I don’t want to open it; I know, in general, what I’ll find. But, I need specifics, so I forge ahead.

Inside the envelope is the latest report on the status of my investments. I need to know how dismal things have become. I have, after all, followed the advice of my investment counselor and kept money in the market — an ever-diminishing amount of money — based on the assertion that “at some point, things will get better.”

This, I don’t doubt, even now, with the financial wreckage piling high around me.

What I am beginning to doubt, however, is that I will live to experience things getting better.

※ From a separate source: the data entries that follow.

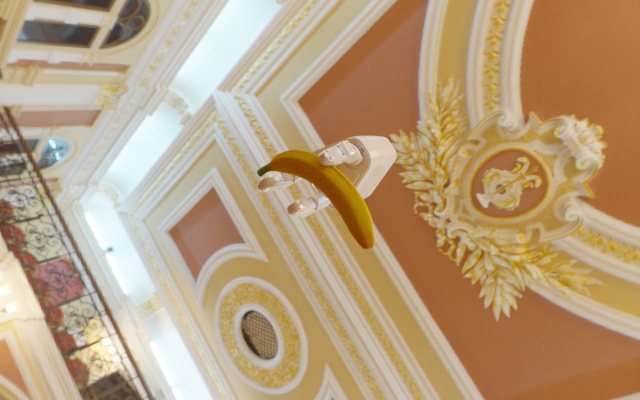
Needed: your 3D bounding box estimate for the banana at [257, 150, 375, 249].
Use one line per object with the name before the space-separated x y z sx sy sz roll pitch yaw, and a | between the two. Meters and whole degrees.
banana | 0.005 -0.015 0.641 0.197 0.070 0.037 35 23 21
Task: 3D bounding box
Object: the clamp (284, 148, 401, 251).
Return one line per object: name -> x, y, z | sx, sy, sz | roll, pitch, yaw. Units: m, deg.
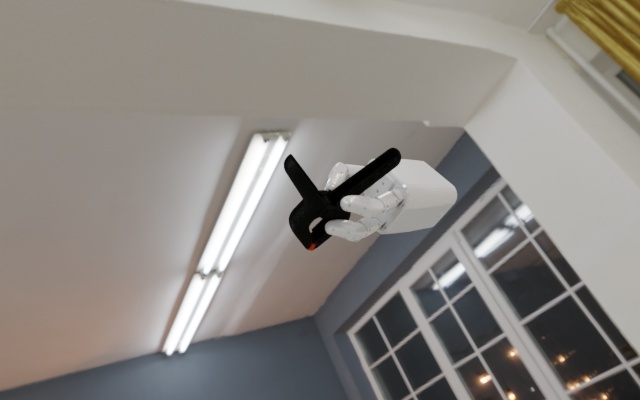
clamp -> 0.000, 0.002, 0.667 | 0.164, 0.036, 0.210 | 0, -39, -29

There is an intro page in the packet, which I skip. There is nothing more discouraging than a letter from the president of the company, acknowledging the trying times, and promising that the company is working day and night for my benefit. Well, maybe there is something worse: the fact the cover letter is sent from an address in the Cayman Islands.

I don’t get past page two. Page two contains a graph. The red line on the graph plummets down as it moves right across the page. I assume the line then moves off the bottom edge of the page, to my lap, off my lap to the floor, through the floor to the basement, through the foundation, finally stopping somewhere two to three thousand feet below the surface of the earth.

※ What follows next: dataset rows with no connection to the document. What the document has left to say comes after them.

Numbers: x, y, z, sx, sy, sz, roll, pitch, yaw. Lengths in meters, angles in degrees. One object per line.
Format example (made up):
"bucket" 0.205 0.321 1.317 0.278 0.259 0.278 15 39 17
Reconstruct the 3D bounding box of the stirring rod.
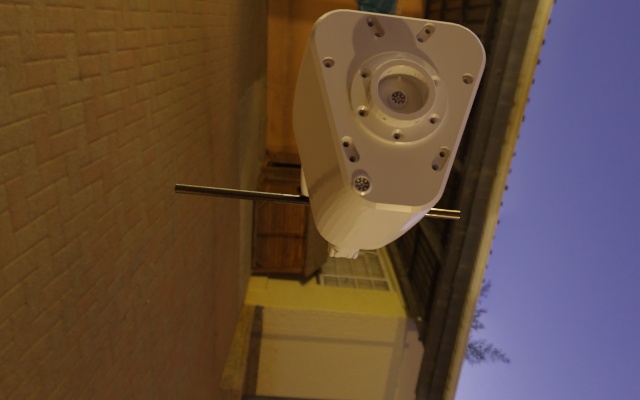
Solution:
"stirring rod" 0.000 0.001 0.404 0.239 0.011 0.011 5 -1 -5

I sit in the large chair in the living room, the document from the investment firm slipping from my lap and falling to the floor. I have a vision: I am dressed in a pair of bib overalls. I have no shirt and I am wearing a seedy, large straw hat. I am standing in the middle of a dusty field, a harsh sun beating down on me. I have developed a number of troublesome lesions on my forehead. I have rickets. I carry a long stick, with which I attempt to unearth mutant, moldy potatoes from the dry soil.

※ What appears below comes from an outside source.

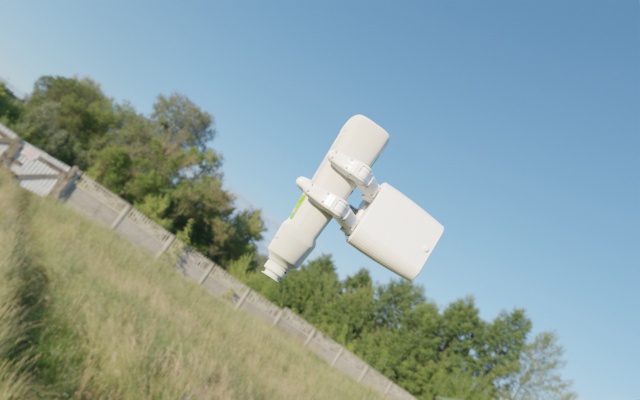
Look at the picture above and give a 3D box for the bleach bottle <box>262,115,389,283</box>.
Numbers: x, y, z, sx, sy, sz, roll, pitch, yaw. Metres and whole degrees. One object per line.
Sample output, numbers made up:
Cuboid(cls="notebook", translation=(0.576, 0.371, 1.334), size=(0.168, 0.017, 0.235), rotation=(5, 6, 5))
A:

A painfully thin youngster — let’s call him Clem — limps across the field to my side. Clem carries a stick and he begins to dig. As we work, I regale Clem with stories of the good old days, before bundled bad mortgages and zombie banks, before failed bailouts and golden parachutes, before ruined industries and deserted cities in the Rust Belt, before the Great, Great Depression.

I lean on my stick. “You know, kid, there was a time I had a nice house and money in the bank. That was before all the banks collapsed. Had me a car, too, before gas prices got so high you couldn’t afford to drive — back when they still made cars here in the USA. Had investments, too.”

“Huh. Whas investmens?”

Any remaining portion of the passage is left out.